灵讯石在掌心又颤了一下,比刚才更久,像是有什么东西贴着石头表面缓缓爬过。我站在通道边缘,脚还悬在半空,另一只手立刻按住了胸口的布袋——里面那块主控灵讯石也开始发烫。
不是错觉。
上一次震动是在跨进通道前,这才过去多久?还不到一盏茶的时间。可这频率太奇怪了,不像地脉自然波动,也不像风吹草动带来的能量扰动。它更像是……在试探我。
我收回脚,慢慢退回到山海经一侧的谷口。清幽谷安静得有些反常,连溪水的声音都轻了下来。石壁上的五个大字依旧泛着微光,裂痕还在原来的位置,长度没变,但周围的空气微微扭曲,像夏日地面升腾起的热浪,轻轻晃动着视线。
我蹲下身,把灵讯石贴在枯藤的根部。这片紫藤昨天还有几片残叶挂着,今天却全都落了,茎干干瘪瘪的,像是被抽走了所有生机。
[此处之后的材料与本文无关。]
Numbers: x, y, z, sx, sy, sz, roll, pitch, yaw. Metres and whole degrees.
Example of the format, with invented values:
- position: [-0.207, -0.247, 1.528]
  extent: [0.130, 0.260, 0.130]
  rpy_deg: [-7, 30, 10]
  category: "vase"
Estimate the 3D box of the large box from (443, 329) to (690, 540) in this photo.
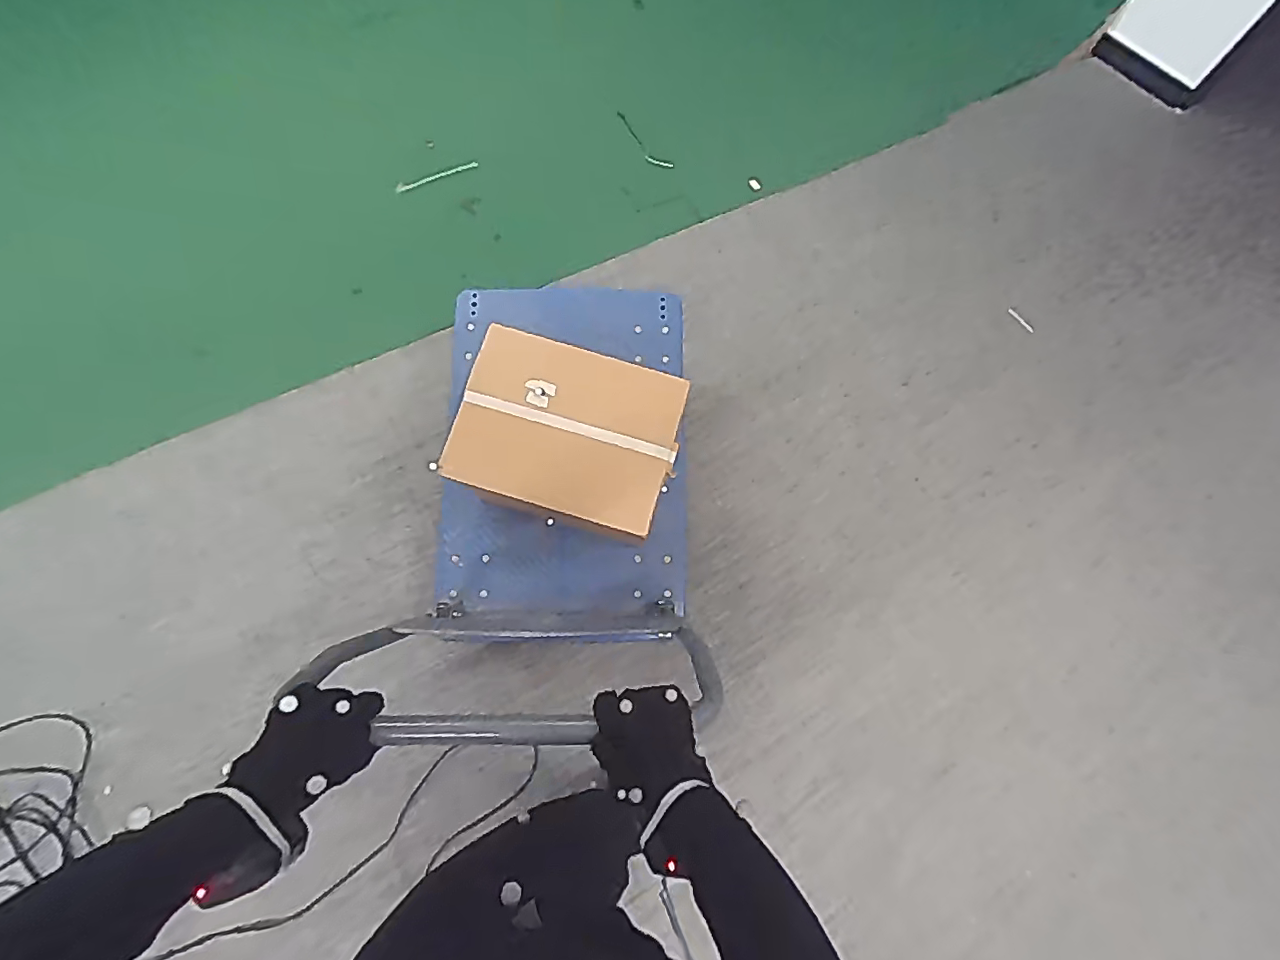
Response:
- position: [-0.132, -0.073, 1.153]
  extent: [0.408, 0.320, 0.320]
  rpy_deg: [16, 80, 3]
  category: "large box"

我伸手轻轻按进泥土,一股凉意顺着指尖爬上来,不是普通的潮湿阴冷,而是一种让人心里发毛的滞涩感。
白泽说过,“影蚀”靠人心的杂念滋生,但现在,它居然能留下实体痕迹了。
我心里一紧,立刻转身穿过界隙,回到了现实世界的书房。桌上的监测玉简静静躺着,表面平静无波。外面一切如常,没人察觉异常,也没有情绪剧烈波动的记录。可我手中的灵讯石,仍在微微震颤。
这意味着什么?
它已经学会躲开我们的感知系统了。
我拉开抽屉,取出白泽留下的心镜残卷。羊皮纸泛黄,边角有些破损,中间画着几道波形图,标注了不同能量类型的震动频率。我把灵讯石放在纸上中央,闭眼输入一丝灵力。
纸面忽然泛起涟漪,三道波纹缓缓浮现——正是刚才那三次震动的轨迹。它们断断续续,间隔不一,但每一段的尾端都有个极小的回旋,像人快要睡着时呼吸那一瞬间的停顿。
我对照着已知的几种波动描下来:地脉是平稳长线,灵力冲击是尖锐高峰,恐惧情绪是密集抖动……而眼前的这三条,竟和人类深夜惊醒前的脑波曲线极为相似。
它在模仿焦虑。
不是单纯吸收负面情绪,而是学会了伪装成那种波动,混进我们的预警机制里。
我赶紧拿起笔,在空白页记下三组数据,用尺子画出对比格。如果下次再震,我要看它的节奏有没有规律,会不会一步步逼近某种模式。同时,我也得想办法让它露出马脚。